Problem details >> Go through the listing and count the lines with "perform" in them; write only the number.

Records to use >>
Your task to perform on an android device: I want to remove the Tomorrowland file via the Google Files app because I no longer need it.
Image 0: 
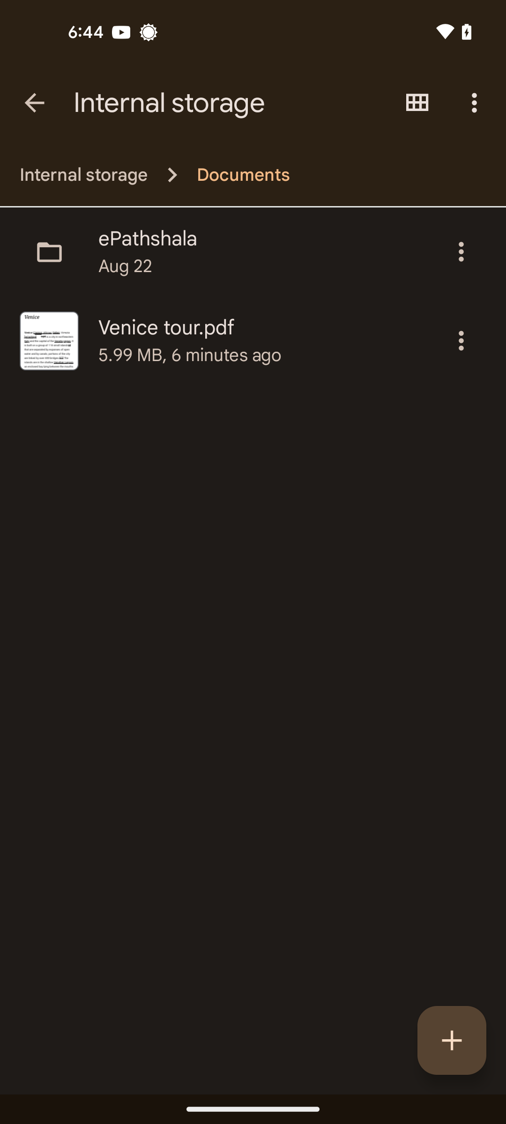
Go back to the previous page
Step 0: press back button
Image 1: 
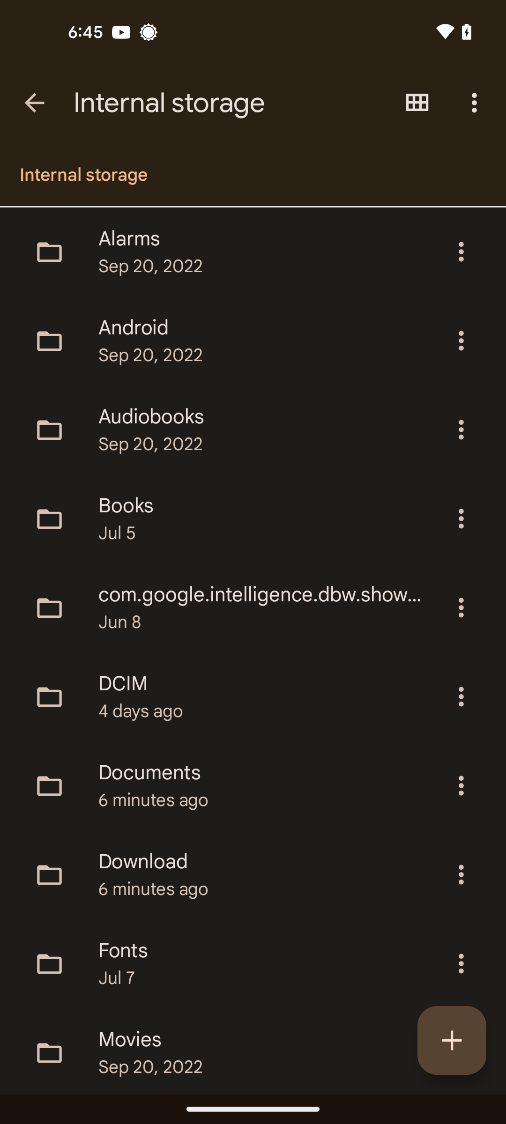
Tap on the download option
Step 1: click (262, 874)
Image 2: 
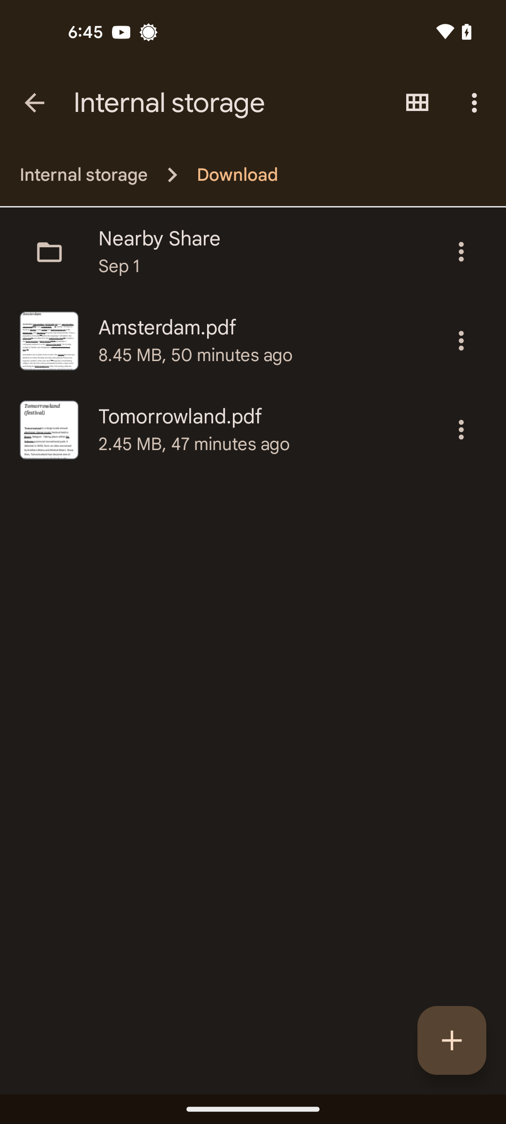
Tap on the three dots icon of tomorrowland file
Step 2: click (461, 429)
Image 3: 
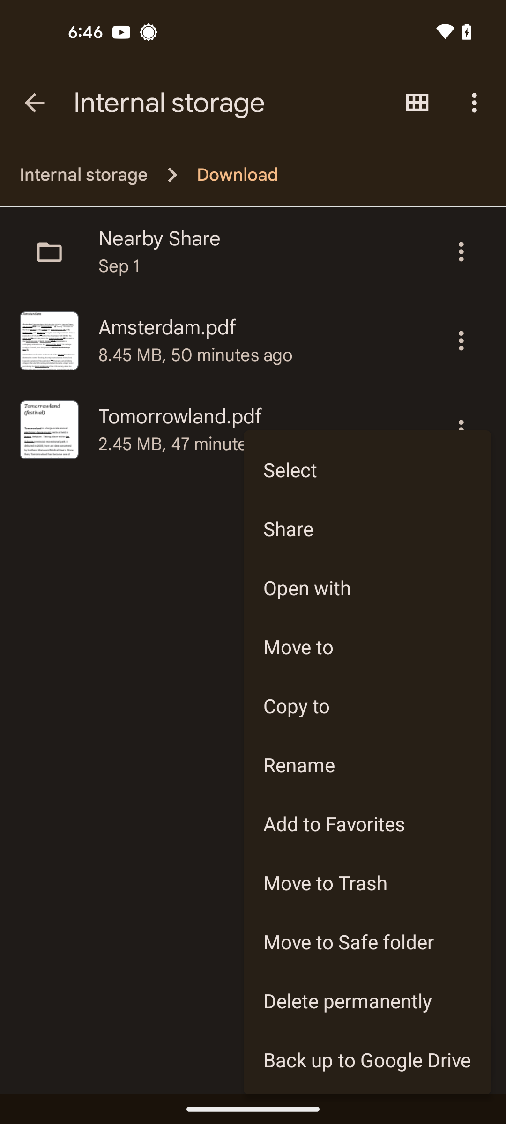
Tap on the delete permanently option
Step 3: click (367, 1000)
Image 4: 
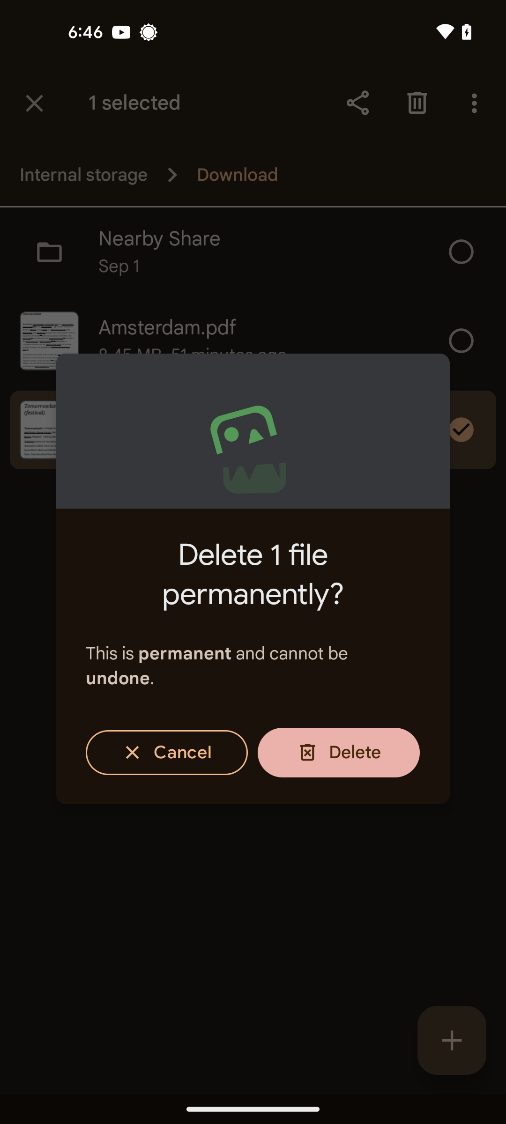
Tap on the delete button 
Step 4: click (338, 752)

==

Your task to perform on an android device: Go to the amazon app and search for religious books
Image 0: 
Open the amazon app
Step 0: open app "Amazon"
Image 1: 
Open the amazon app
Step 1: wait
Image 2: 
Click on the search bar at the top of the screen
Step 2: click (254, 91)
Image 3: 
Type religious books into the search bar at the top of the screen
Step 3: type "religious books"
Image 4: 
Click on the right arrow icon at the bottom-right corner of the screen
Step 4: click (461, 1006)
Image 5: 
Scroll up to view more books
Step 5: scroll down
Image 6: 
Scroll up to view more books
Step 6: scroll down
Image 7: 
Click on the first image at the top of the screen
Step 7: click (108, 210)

Result for this task >> 2